The rs328:C>G (p.(Ser447Ter)) SNP has been shown to increase LPL activity and cause lower TG and higher HDL-C levels.16, 18, 33, 38 Although its frequency is relatively high in Whites (MAF>10%), it is low in our African sample (4.2%) and in HapMAP YRI population (3.3%). Although the potential functional significance of rs328:C>G is appreciated in Europeans, recent studies in AAs have sparked debate on its role.43, 44 An admixture mapping study of 3300 AAs determined that the effect size of rs328:C>G on TG was dependent on ancestral background and significantly diminished in subjects with African background,43 suggesting that there might be other truly causal undiscovered variant(s) in LD (or acting synergistically) with rs328:C>G. A cross-sectional and longitudinal study found rs328:C>G to be significantly associated with both HDL-C and TG in European Americans but only with TG in AAs.44 A recent large GWAS in AAs failed to show its association with HDL-C or TG.48 Consistent with most reports in AAs, we did not observe association of this SNP with HDL-C or TG in our sample. The HindIII (rs320:T>G) polymorphism has been shown to have the same effects on TG and HDL-C as has rs328:C>G, and there has been a debate over whether their effects are independent.16, 33, 39, 49, 50, 51 The rs320:T>G SNP is predicted to affect the binding of a transcription factor and so may be functional by itself.52 In our data, the association of rs320:T>G with HDL-C (β=0.485; P=0.018, FDR=0.212) was independent of rs328:C>G; however, it was in LD with four other HDL-associated SNPs: rs301:T>C (P=0.008; FDR= 0.212; r2=0.81), rs316:C>A (P=0.003; FDR=0.178; r2=0.62), rs295:A>C (P=0.043; FDR=0.291; r2=0.59) and rs3916027:G>A (P=0.028; FDR=0.233; r2=0.45) that have also been reported to be associated with HDL-C.34, 43, 46 Further studies are needed to understand whether rs320:T>G explains other observed associations or yet to be discovered functional variant(s) exist in this region.
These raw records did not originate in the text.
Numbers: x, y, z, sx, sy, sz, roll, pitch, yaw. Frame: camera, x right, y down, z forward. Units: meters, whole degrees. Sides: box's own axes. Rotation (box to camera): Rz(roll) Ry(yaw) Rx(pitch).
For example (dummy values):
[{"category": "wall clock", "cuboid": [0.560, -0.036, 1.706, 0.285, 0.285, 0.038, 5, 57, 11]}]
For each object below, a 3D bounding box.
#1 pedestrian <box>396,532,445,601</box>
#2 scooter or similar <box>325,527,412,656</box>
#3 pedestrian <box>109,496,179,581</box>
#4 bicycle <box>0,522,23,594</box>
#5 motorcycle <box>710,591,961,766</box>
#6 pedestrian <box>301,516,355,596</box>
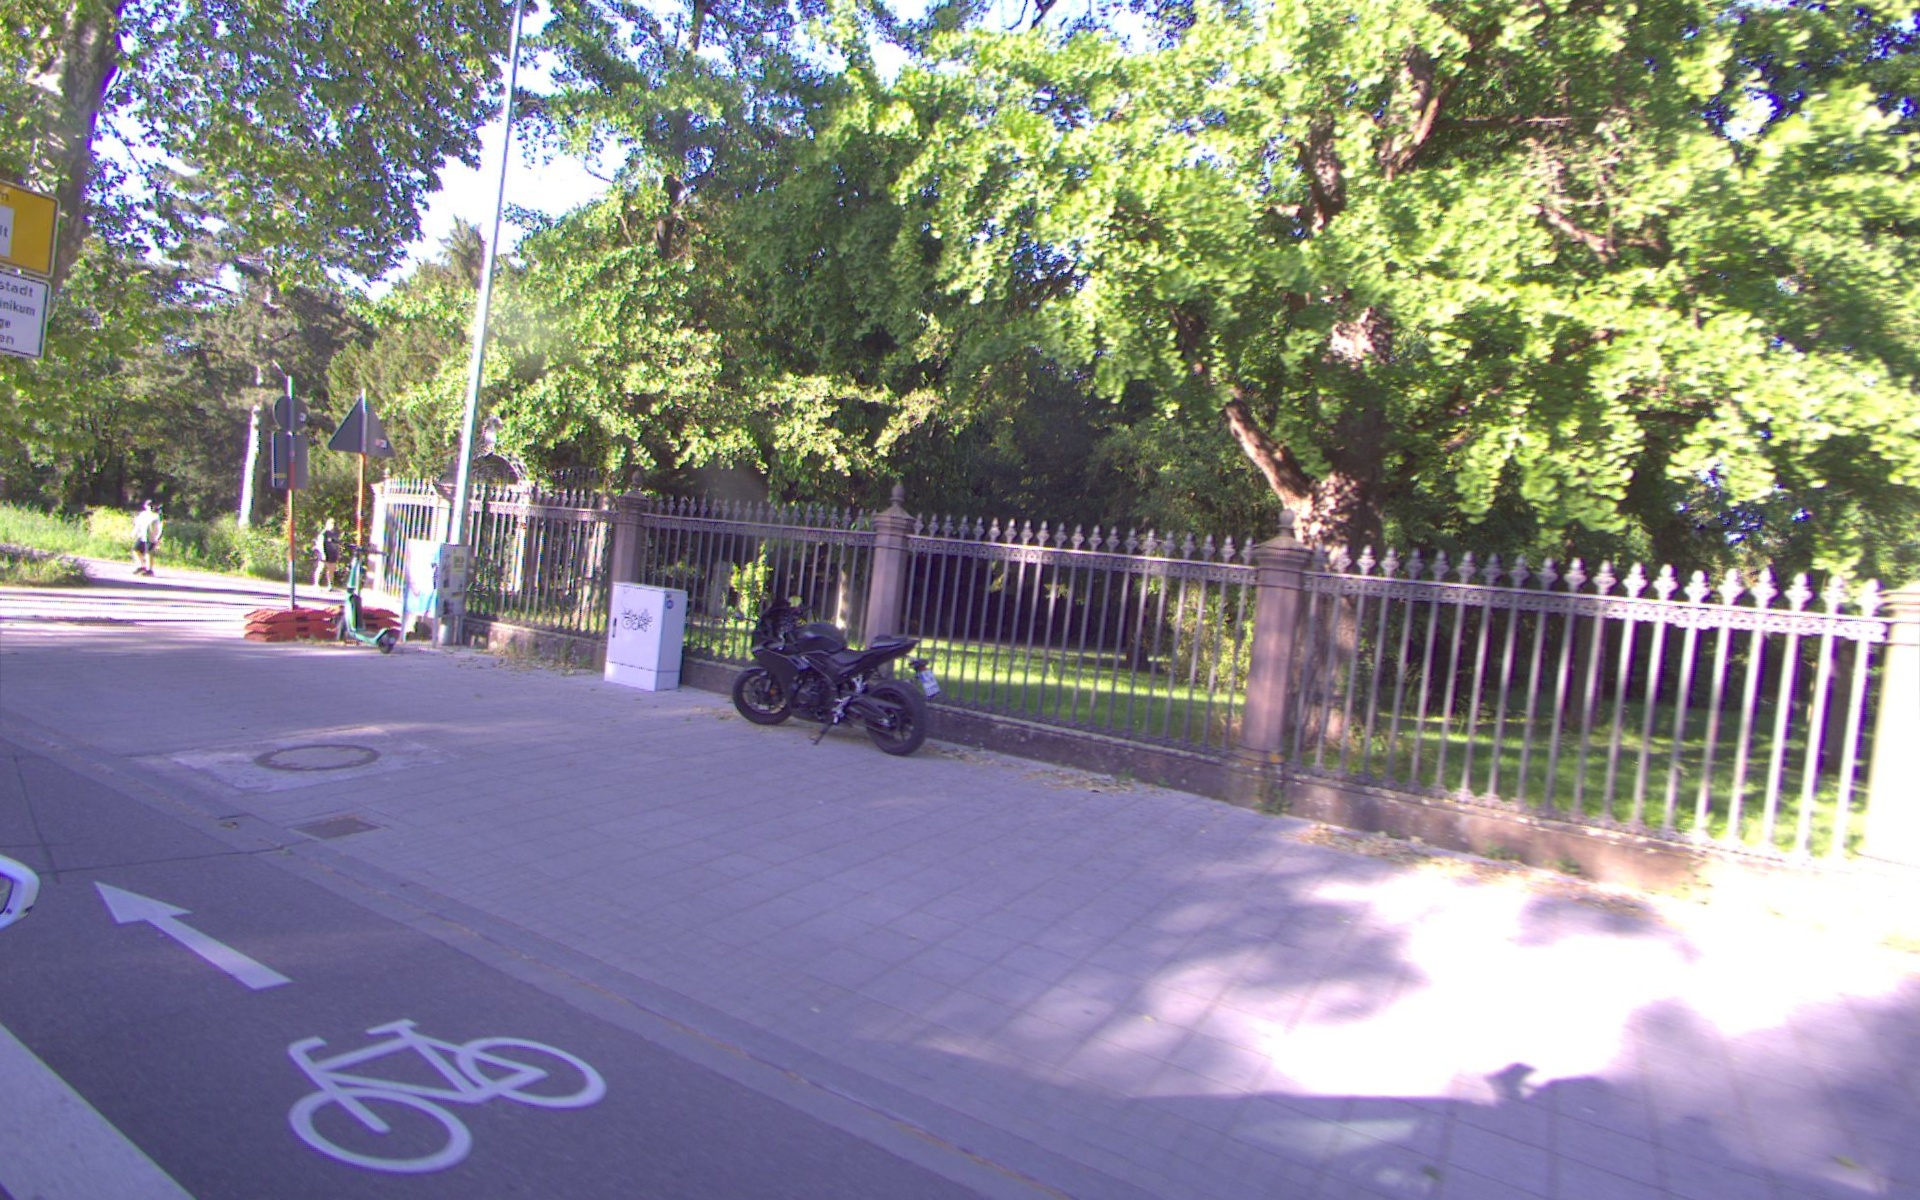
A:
[{"category": "pedestrian", "cuboid": [-14.156, -0.883, 26.390, 0.823, 1.702, 0.685, 6, 0, -44]}, {"category": "scooter or similar", "cuboid": [-6.736, -0.106, 11.437, 1.152, 1.344, 0.228, 7, 2, 31]}, {"category": "pedestrian", "cuboid": [-16.120, -1.208, 19.898, 0.812, 1.536, 0.909, 7, -1, -32]}, {"category": "bicycle", "cuboid": [-13.999, -0.645, 13.387, 0.736, 0.988, 2.098, 7, 1, 19]}, {"category": "motorcycle", "cuboid": [-1.079, 0.600, 8.380, 2.134, 1.146, 0.506, 6, 2, 31]}, {"category": "pedestrian", "cuboid": [-14.469, -1.007, 23.039, 0.633, 1.720, 0.690, 6, 0, 32]}]

Associations of LPL SNPs with LDL-C have not been well documented in the literature, albeit some contrasting results exist for rs320:T>G.53, 54 We have identified two independent (r2=0) LDL-associated common SNPs, rs252:delA (P=0.002; FDR=0.134) and rs74304285:G>A (P=0.019; FDR= 0.627), as novel observations that warrant further investigation in independent studies. We have also detected a group of 22 rare variants (MAF≤0.01; 11 in UTR, 5 coding and 6 intronic) that showed significant association with LDL-C (P=0.027) and TG (P=0.039), including 4 known nonsynonymous variants with no previous report of association with lipids and 10 novel variants. This association probably represents cumulative effects of functional rare variants; however, further studies are needed to understand the impact of these variants on plasma lipid profile. The results of haplotype and single-site analyses were largely comparable for HDL-C, ApoA1 and ApoB. However, for TG and LDL-C, several haplotype windows (some of which harboring only uncommon/rare variants) yielded significant associations despite the absence of (TG) or only few (LDL) nominal associations in single-site analyses.
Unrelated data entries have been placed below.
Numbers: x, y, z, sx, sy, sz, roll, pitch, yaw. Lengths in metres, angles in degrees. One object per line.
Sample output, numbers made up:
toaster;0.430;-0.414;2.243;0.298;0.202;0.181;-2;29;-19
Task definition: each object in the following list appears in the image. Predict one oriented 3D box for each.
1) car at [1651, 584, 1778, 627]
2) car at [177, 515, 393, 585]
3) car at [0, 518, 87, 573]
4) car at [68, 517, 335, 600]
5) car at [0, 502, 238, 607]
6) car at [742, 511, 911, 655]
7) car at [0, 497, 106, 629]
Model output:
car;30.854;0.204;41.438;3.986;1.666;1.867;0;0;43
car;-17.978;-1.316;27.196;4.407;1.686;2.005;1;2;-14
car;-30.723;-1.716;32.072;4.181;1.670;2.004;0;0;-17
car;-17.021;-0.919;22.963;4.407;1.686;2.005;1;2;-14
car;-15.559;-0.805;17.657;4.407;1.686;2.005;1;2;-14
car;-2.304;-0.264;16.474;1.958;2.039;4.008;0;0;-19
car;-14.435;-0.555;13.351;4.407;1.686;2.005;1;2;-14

To our knowledge, this is the first study that has comprehensively evaluated LPL genetic variation in relation to lipid traits in ABs. Our study provides new information in addition to supporting some previous observations, but has some limitations. Our sequencing sample was small (some relevant rare variants might have been missed) but our selective resequencing of subjects with ‘extreme’ phenotypes still enabled us to identify several rare variants. Given the known role of LPL in lipid metabolism and that several tested SNPs were not completely independent, the strict Bonferroni correction was not applied. After multiple testing correction using FDR, our top two associations (rs252:delA with LDL-C and rs316:C>A with HDL-C) still looked promising. However, given our modest sample size and generally small effect sizes of lipid-associated variants, our new observations warrant further evaluation in independent studies.